Five female employees of Stroh's brewery have sued the company for sexual harassment. They claim that the "Swedish Bikini Team" commercials that Stroh's uses for its Old Milwaukee brand foster a hostile work environment. Next up? Maybe Playboy employees will sue over the centerfold.

Meanwhile, Penn State University officials have removed a copy of Goya's Naked Maja from the wall of one of the school's classrooms. A female teacher had complained that the painting created an atmosphere of sexual harassment. Any day now, some English major is going to complain that the excerpts from Byron's "Don Juan" in her Norton Anthology constitute sexual harassment.

In Ohio, Judge Thomas Nurre has come up with a novel way to punish polluters: He makes them join the Sierra Club. The judge reasons that it is no different from making a drunk driver join an alcohol-treatment program. I guess the next step is making those who run afoul of sodomy laws watch The 700 Club.

Supporters called it Turn Off the TV Day. Groups including Morality in Media, the Christian Film and Television Commission, the National Christian Association, and the American Family Association mounted a high-profile campaign to get Americans to protest prime-time sex and immorality by turning off their TVs for one night. But the numbers are in, and Turn Off Day was one of the highest-rated days of the season, up slightly over the same date the previous year. ABC's Coach was one of the big winners; the show scored its highest rating ever with a story about a gay football player. Maybe the networks themselves will sponsor future Turn Off the TV Days.
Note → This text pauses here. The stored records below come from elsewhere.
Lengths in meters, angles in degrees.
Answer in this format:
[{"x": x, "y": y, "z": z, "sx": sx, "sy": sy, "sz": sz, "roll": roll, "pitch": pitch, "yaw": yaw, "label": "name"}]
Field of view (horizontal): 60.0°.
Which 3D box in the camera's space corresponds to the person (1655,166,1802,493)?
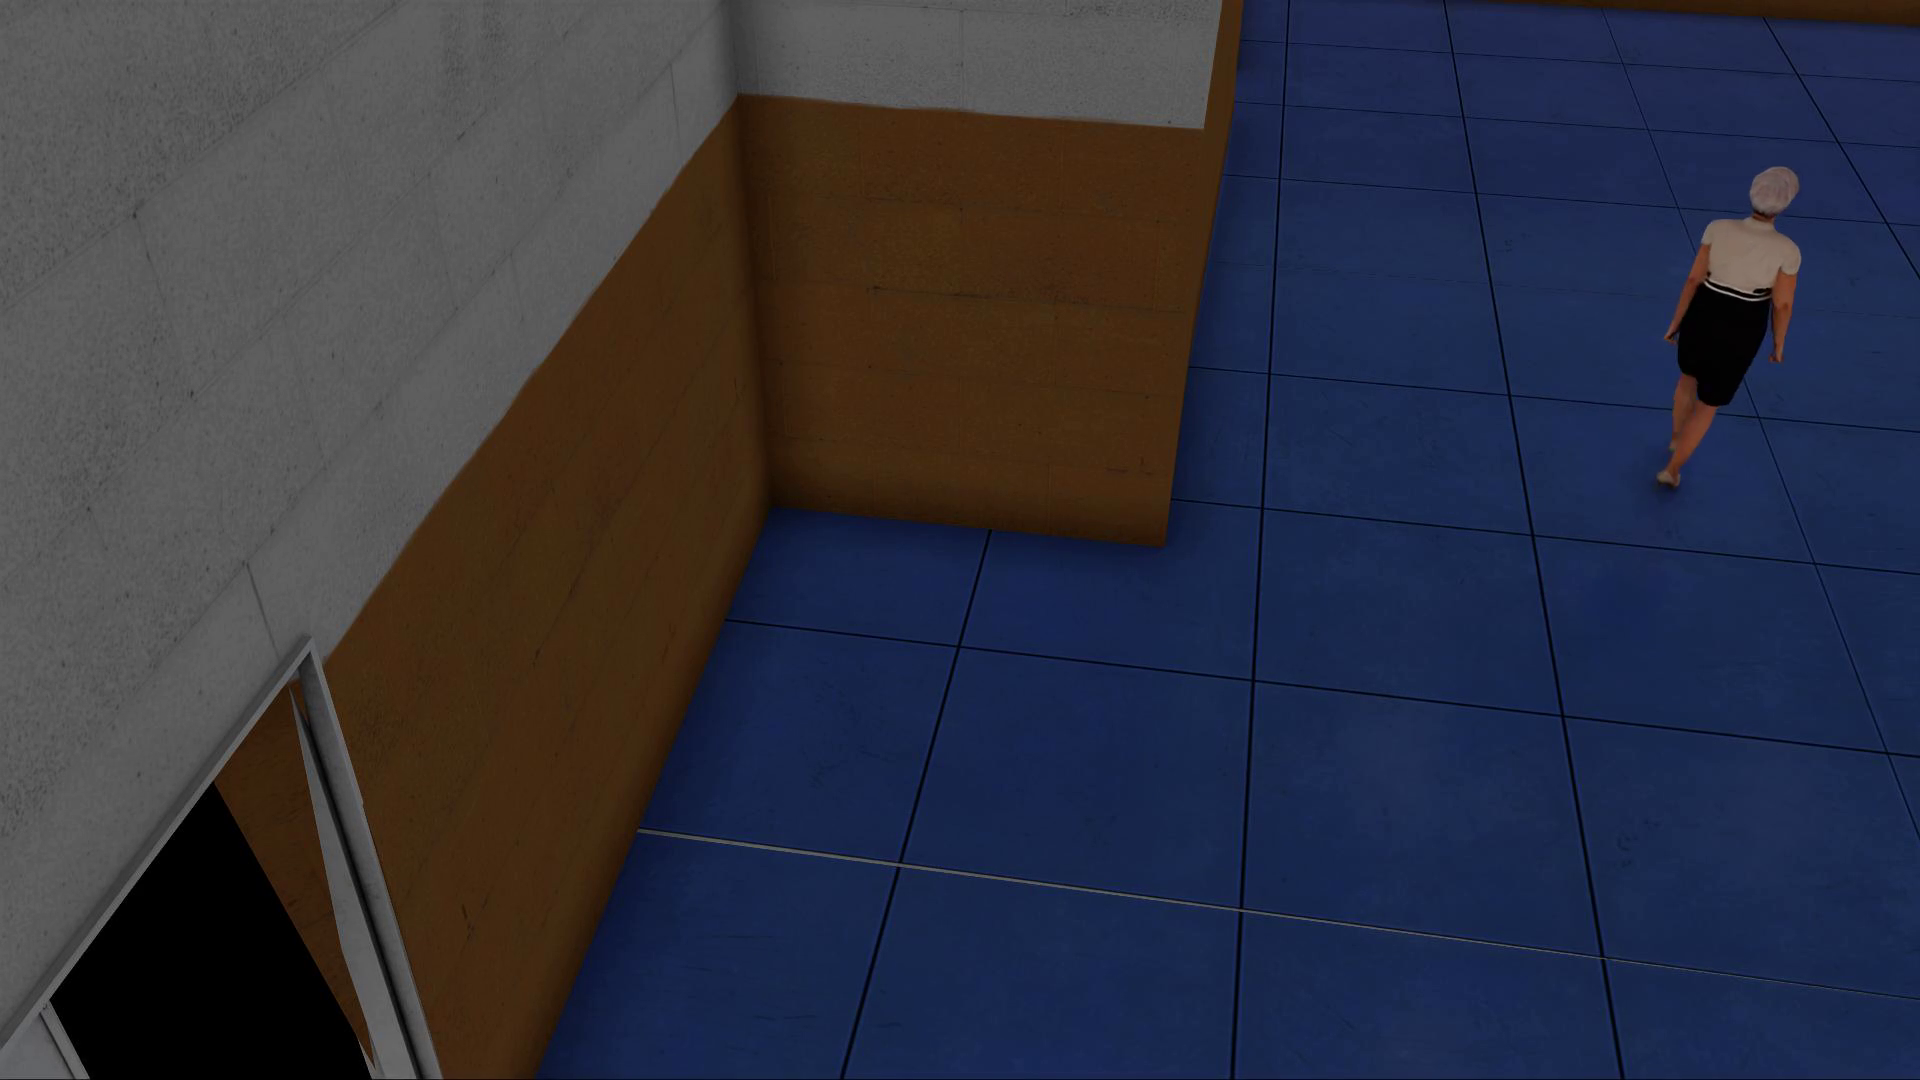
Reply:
[{"x": 3.652, "y": -0.951, "z": 8.071, "sx": 0.861, "sy": 1.737, "sz": 0.918, "roll": 29, "pitch": 45, "yaw": 33, "label": "person"}]

Says Democratic presidential candidate Tom Harkin: "When I'm president, every double-breasted, scab-hiring, union-busting employer…will know that working people have a friend in the White House." And in that vacation home that Harkin owns in the Bahamas.

Promoting the soundtrack to his concert film Dice Rules, raunch comedian Andrew "Dice" Clay told an interviewer, "It's like licking the bottom of an ashtray when you listen to this album."

In Japan, Antonio Inoki, who is both a professional wrestler and a national senator, was delivering a political speech at a university in Tokyo when his old nemesis Tiger Jeet Singh challenged him to a match at an upcoming card. Maybe we could import this practice to America. The next time Ernest Hollings starts to drone on and on, Alan Simpson could sneak up on him and bop him with a chair.

And in Mexico, the pro wrestlers' union has asked President Carlos Salinas de Gortari to mediate a dispute between the grapplers and the country's biggest promoter. And George Bush thinks it's difficult to deal with Congress.